The present invention relates to a scroll compressor.
Generally, a scroll compressor includes a fixed scroll, which is fixed to a housing, and a movable scroll, which orbits with respect to the fixed scroll. The fixed scroll includes a fixed base plate and a fixed spiral wall projecting from the fixed base plate. The movable scroll includes a movable base plate and a movable spiral wall projecting from the movable base plate. The fixed spiral wall and the movable spiral wall are engaged with each other to define a compression chamber. The orbital movement of the movable scroll decreases the volume of the compression chamber and compresses refrigerant.
Japanese Laid-Open Patent Publication No. 2004-144045 describes an example of a scroll compressor that includes an elastic body arranged between the housing and the movable base plate of the movable scroll. A reactive force produced by a compression stroke produces a reactive force that acts on the movable scroll in the thrust direction. The elastic body counters the reactive force to enhance the sealing of the compression chamber.
Referring to FIG. 7, a scroll compressor 110 of the publication includes a housing 100, which accommodates a movable scroll 101 including a movable base plate 102. An elastic body 103 (sealing member) is arranged on the back surface of the movable base plate 102. The elastic body 103 is flat and annular and made of a metal material such as a carbon tool steel. In the housing 100, an opposing wall 105 is arranged at the side of the movable scroll 101 facing away from the fixed scroll 104. The opposing wall 105 faces toward the movable scroll 101. The back surface of the movable base plate 102 includes a contact portion 102a. The elastic body 103 is fixed in the housing 100 between the movable scroll 101 and the opposing wall 105 so that the elastic body 103 and the contact portion 102a are pressed against each other. The pressing between the elastic body 103 and the contact portion 102a is ensured at any orbital position of the movable scroll 101 relative to the fixed scroll 104.
In the housing 100, a back pressure chamber 107 (back pressure region) is defined at the inner side of the contact portion 102a. The pressing between the elastic body 103 and the contact portion 102a seals the back pressure chamber 107 from the region at the outer side of the contact portion 102a in the housing 100. The supply of refrigerant to the back pressure chamber 107 generates pressure (back pressure) acting to urge the movable scroll 101 toward the fixed scroll 104. This enhances the sealing of the compression chamber 108.
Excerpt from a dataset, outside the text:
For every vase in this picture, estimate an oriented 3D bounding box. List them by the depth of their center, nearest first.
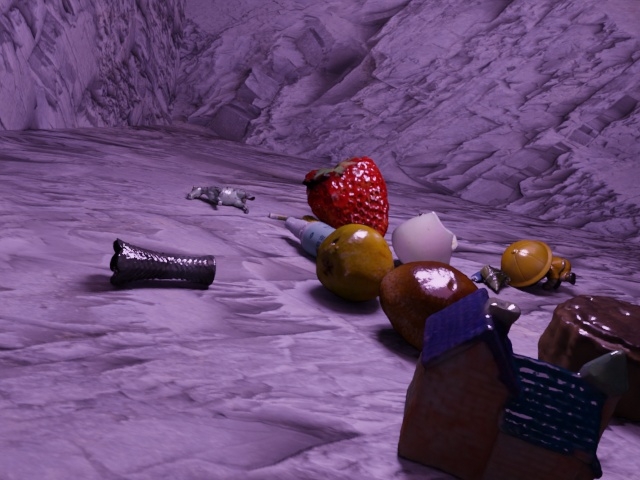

In addition, the opposing wall 105 includes a recess 105a that allows for elastic deformation of the elastic body 103. The pressing between the elastic body 103 and the contact portion 102a elastically deforms the elastic body 103 toward the opposing wall 105. The deformed elastic body 103 produces a resilient force that acts to restore the original shape of the elastic body 103. This urges the movable scroll 101 toward the fixed scroll 104. Thus, the movable scroll 101 is urged toward the fixed scroll 104 even when the back pressure in the back pressure chamber 107 is insufficient such as when the scroll compressor 110 starts to operate. This enhances the sealing of the compression chamber 108.
However, the elastic body 103 of the scroll compressor 110 is made of metal. Thus, the pressing between the elastic body 103 and the contact portion 102a may not be able to sufficiently seal the back pressure chamber 107 from the region at the outer side of the contact portion 102a in the housing 100. This may result in the leakage of refrigerant from the back pressure chamber 107 to the region at the outer side of the contact portion 102a in the housing 100.
During a normal operation of the scroll compressor 110, the movable scroll 101 is urged toward the fixed scroll 104 by the urging force produced by the elastic deformation of the elastic body 103, as well as the urging force produced by the back pressure in the back pressure chamber 107. When the urging force of the back pressure in the back pressure chamber 107 sufficiently urges the movable scroll 101 toward the fixed scroll 104 and enhances the sealing of the compression chamber 108, the urging force produced by the elastic deformation of the elastic body 103 would result in excessive pressing of the movable scroll 101 against the fixed scroll 104. This increases the sliding resistance between the movable scroll 101 and the fixed scroll 104 when the movable scroll 101 orbits. The sliding resistance causes mechanical loss during normal operation of the scroll compressor 110.